To pass, however, from a particular branch to the general argument of the work before us. The author's proposition is, that the Jewish and Christian dispensations may be called two kingdoms of God, the former of this world, and the latter otherwise; the former not only admitting temporal interference, but making Church and State actually the same thing; while the latter, by its very essence and constitution, excludes the intervention of all temporal authority. Hence he concludes, that all alliance of church and state is essentially unlawful; and that they are, in their very nature, things necessarily disconnected; at least, where they exist in their purity.

The premises we admit; the conclusion we regard as untenable. We think, indeed, that the author has himself overthrown it, in one short sentence, when he says, in page 4, that the kingdom of Christ is a" kingdom existing in this world, but not of this world." So far, then, as it exists in the world, it must have reference to worldly affairs. Indeed, the same observation may be made of the Church of Christ which applies to every member of it. The Christian, as such, is not judged of any man's judgment, but he that judgeth him is the Lord. His spiritual state is a matter in which the world has no concern. Yet as he is the subject not only of Christ, but of the state to which he belongs, so also is he amenable to the laws which that state imposes, and must, for conscience sake, obey them, provided they are not evidently contrary to the word of God. He must have political relations and political duties. Now what every member of the Church is severally, the whole Church is collectively. She is, so far as she is IN this world, the subject of the State. If the State should impose upon her articles of faith, or command her to receive spiritual instruction and sacramental grace from the hands of the civil officer, she is bound, as any of her private members would be, to resist. But as long as the State requires no more than the power claimed in the

King's Declaration, and allowed by the Thirty-seventh Article, and First and Second Canons, we find nothing in Scripture to condemn either party.
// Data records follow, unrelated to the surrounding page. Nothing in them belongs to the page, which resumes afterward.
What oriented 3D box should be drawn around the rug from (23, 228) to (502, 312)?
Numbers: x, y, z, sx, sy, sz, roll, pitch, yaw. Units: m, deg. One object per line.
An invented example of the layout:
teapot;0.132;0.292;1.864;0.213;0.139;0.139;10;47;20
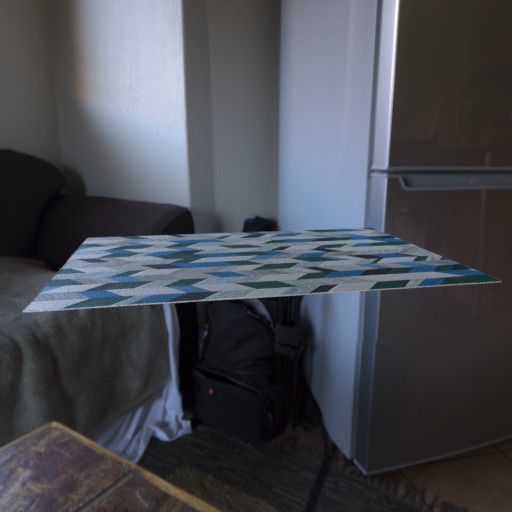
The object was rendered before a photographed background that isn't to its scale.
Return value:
rug;0.000;0.000;2.232;1.827;0.005;1.229;-3;14;-10
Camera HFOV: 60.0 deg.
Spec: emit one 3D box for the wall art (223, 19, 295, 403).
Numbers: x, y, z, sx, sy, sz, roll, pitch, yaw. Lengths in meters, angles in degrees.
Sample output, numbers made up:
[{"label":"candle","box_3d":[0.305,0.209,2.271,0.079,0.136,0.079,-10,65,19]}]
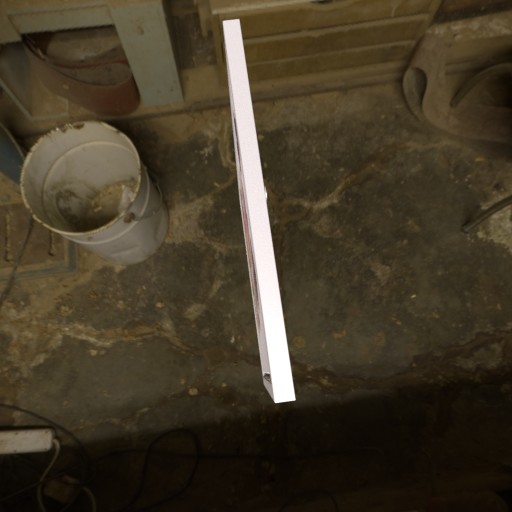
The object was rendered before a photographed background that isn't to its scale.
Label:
[{"label":"wall art","box_3d":[0.000,0.000,1.383,0.042,1.056,0.805,-7,76,-2]}]
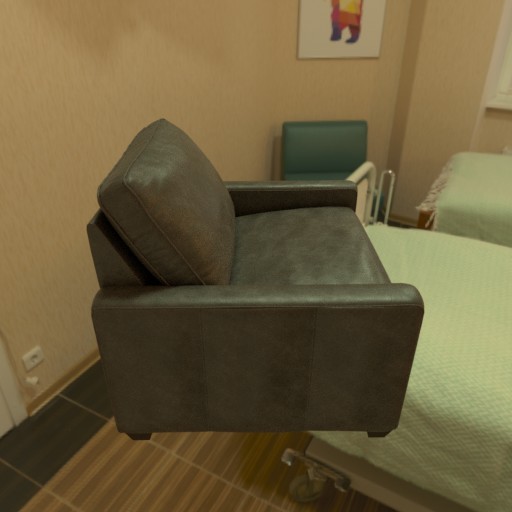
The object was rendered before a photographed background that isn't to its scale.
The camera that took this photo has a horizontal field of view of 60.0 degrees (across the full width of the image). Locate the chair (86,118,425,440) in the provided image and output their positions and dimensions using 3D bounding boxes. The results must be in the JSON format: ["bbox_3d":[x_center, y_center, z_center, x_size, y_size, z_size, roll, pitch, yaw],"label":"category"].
[{"bbox_3d":[0.000,0.000,1.694,0.939,0.916,1.006,0,30,-1],"label":"chair"}]
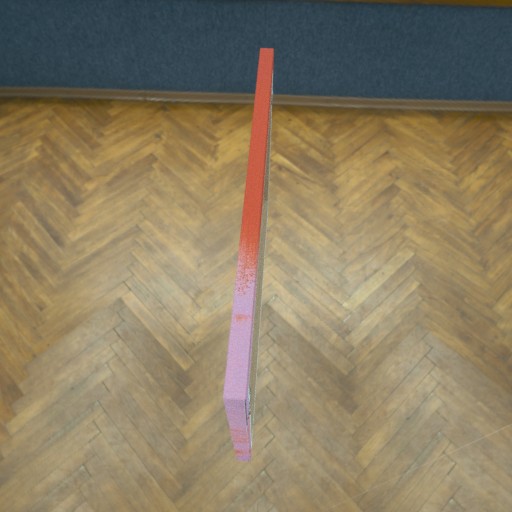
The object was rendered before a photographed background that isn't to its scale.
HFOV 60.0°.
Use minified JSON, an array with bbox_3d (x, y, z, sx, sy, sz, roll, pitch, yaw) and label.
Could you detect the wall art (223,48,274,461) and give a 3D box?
[{"bbox_3d":[0.000,0.000,1.173,0.040,0.609,0.913,3,57,2],"label":"wall art"}]
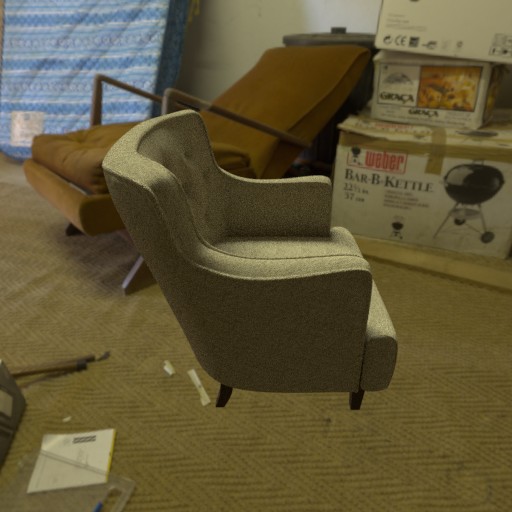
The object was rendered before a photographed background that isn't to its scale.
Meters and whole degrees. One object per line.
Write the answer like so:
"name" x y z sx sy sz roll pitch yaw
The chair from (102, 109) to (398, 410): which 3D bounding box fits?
"chair" 0.000 0.000 1.683 0.910 0.920 0.820 0 30 -1
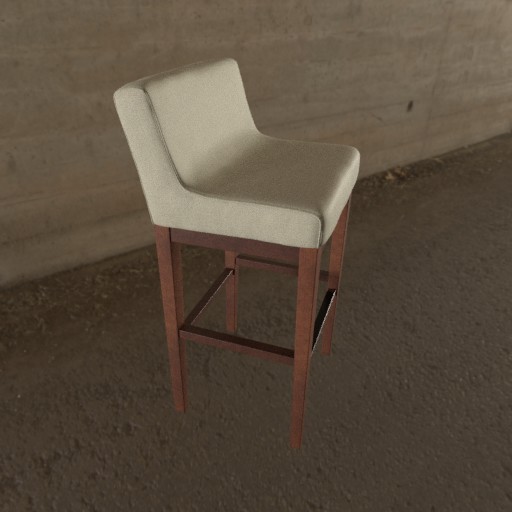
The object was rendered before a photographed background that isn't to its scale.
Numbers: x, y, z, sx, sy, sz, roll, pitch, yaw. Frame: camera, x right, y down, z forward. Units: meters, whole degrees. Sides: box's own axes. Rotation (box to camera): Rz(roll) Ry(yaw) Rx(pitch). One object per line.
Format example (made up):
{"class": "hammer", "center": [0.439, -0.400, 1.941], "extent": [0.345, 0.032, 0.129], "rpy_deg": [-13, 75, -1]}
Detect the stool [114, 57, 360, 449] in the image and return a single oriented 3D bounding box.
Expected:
{"class": "stool", "center": [0.000, 0.000, 1.335], "extent": [0.500, 1.037, 0.511], "rpy_deg": [11, 32, 17]}
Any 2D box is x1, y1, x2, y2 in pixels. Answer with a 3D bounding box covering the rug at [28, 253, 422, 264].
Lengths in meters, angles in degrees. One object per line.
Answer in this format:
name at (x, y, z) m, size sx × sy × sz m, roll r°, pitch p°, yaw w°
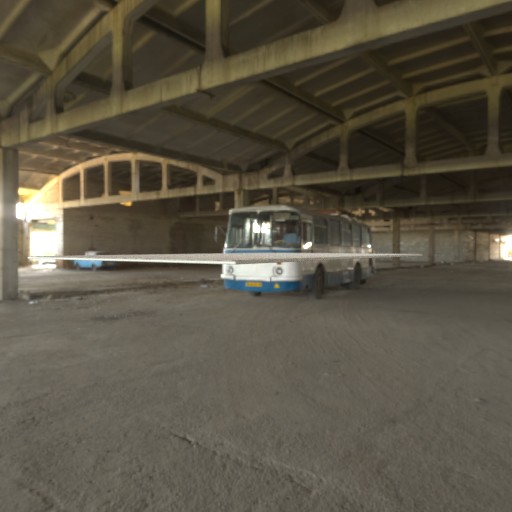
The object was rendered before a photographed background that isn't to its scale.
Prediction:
rug at (0.000, 0.000, 3.559) m, size 1.819 × 0.018 × 2.746 m, roll 1°, pitch 1°, yaw 37°

Our author, in his 148th page, interprets that clause of the Article referred to, that the chief magistrate may "restrain with the civil sword the stubborn and evil doers," somewhat singularly. "Since no one," says he, "could ever have disputed his authority to punish civil offences, this explanation would be nugatory and impertinent if, under the term ' evil doers,' schismatics and other religious offenders were not meant to be included." A strange forgetfulness of history, and a strange inadvertency to the very object of the Article, the denial of a supremacy so long and so sturdily asserted! "No one could have disputed his authority to punish civil offences!" Why, it was the dispute of centuries! The immunity of the clergy from civil jurisdiction, had at one time become almost an axiom of legislation. This it is which the Article denies, not alluding to the power of the magistrate to punish offenders against the Church, but simply affirming that ecclesiastical as well as civil persons are subjects of the civil government. The weakness of the author becomes apparent when we venture to pursue this argument.
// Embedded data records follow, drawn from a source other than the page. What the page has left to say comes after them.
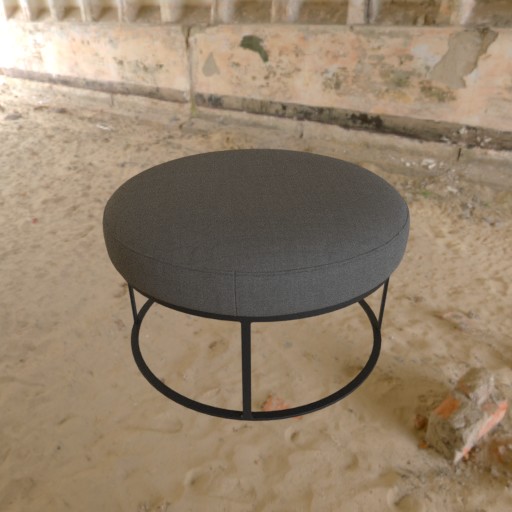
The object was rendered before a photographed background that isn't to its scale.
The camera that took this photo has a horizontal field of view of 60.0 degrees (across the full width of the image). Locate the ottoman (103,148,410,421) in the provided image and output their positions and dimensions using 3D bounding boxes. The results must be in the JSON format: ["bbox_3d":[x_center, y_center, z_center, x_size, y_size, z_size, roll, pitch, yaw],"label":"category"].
[{"bbox_3d":[0.000,0.000,1.222,0.772,0.460,0.772,0,29,0],"label":"ottoman"}]
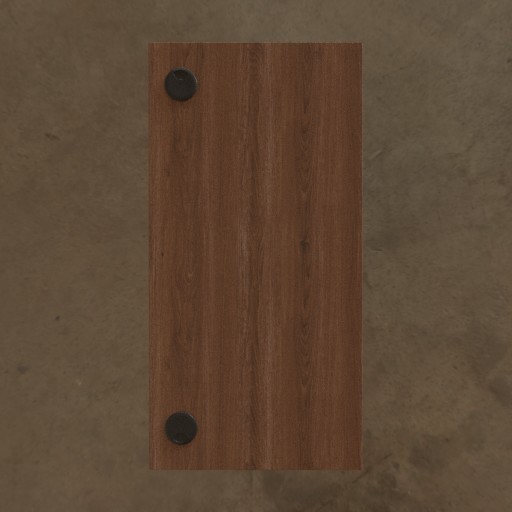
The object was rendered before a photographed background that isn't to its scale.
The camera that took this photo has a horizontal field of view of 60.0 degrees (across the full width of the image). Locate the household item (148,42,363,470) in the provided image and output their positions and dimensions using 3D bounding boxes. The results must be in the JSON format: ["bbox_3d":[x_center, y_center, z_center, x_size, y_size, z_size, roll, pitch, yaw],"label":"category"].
[{"bbox_3d":[0.000,0.000,1.613,0.600,0.750,1.200,0,90,0],"label":"household item"}]
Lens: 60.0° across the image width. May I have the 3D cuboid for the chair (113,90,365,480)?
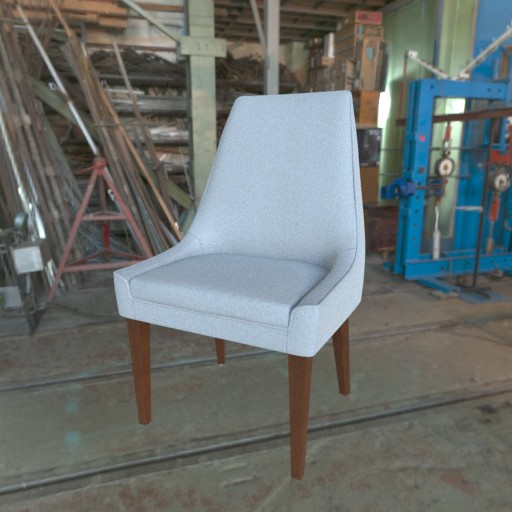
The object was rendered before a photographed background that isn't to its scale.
[{"bbox_3d":[0.000,0.000,1.175,0.529,0.861,0.544,7,15,26],"label":"chair"}]
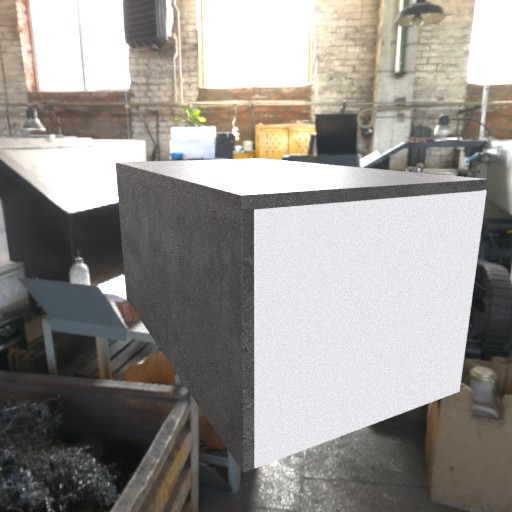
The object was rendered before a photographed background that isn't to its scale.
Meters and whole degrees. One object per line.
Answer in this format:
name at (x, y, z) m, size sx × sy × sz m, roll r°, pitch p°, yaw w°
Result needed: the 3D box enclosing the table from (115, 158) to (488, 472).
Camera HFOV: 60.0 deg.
table at (0.000, 0.000, 0.902) m, size 0.400 × 0.350 × 0.700 m, roll -8°, pitch 17°, yaw -26°

The Church of Rome has persecuted the most bitterly, and for the greatest length of time, chiefly because she has had the most, and the longest continued power to do so, and has existed during the ages of the greatest blindness, and ignorance, and barbarism; and it has been urged, that the right, and even duty of persecution, is one of her most fundamental articles of faith: but what Protestant Church has ever, as a body, expressly renounced that right? The Inquisition is a most horrible tribunal; and it is one well accommodated, I confess, to the genius of the Romish persuasion; but it is no necessary part of Popery: and why should it not exist in a Protestant country? What disclaimer, for instance, is there, in the Articles of the English Church, of all right to erect or to sanction such a tribunal?-P. 42.

It is impossible to read such a passage as this without a smile. If the absence of a disclaimer be a sufficient warrant for making charges against an individual or a corporate body, it would be easy to accuse any man of any thing. Our author has no where disclaimed "all right" to commit murder, sacrilege, treason, &c. &c. Therefore he cannot be presumed innocent of the whole catalogue.
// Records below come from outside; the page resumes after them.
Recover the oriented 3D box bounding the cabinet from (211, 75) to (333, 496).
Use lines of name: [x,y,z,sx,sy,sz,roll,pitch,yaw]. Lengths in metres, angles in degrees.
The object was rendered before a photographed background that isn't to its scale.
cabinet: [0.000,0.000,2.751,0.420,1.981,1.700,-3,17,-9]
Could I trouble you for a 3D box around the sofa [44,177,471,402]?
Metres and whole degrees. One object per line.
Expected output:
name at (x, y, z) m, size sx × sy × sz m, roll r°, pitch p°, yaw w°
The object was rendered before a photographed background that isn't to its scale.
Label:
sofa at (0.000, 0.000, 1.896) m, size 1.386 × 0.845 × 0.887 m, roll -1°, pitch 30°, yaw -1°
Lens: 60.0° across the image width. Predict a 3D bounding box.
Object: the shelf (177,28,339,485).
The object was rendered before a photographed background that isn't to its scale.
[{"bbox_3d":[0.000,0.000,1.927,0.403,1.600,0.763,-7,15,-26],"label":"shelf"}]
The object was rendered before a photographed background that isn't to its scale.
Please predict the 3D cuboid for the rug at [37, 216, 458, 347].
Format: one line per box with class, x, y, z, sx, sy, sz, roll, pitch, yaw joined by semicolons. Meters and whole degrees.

That the character of the theocracy gave the Jewish kings an authority in spiritual matters which cannot belong to princes under the Christian dispensation, is true; but the Thirty-seventh Article, (the authoritative declaration of the Church on this subject,) distinguishes between the spiritual and temporal jurisdiction; the king's authority over the church establishment, (as over individual Christians, as subjects,) is there asserted, as also his supremacy over ecclesias

See the very curious account which Burnet gives of a dispute on this subject.History of the Reformation, Book I.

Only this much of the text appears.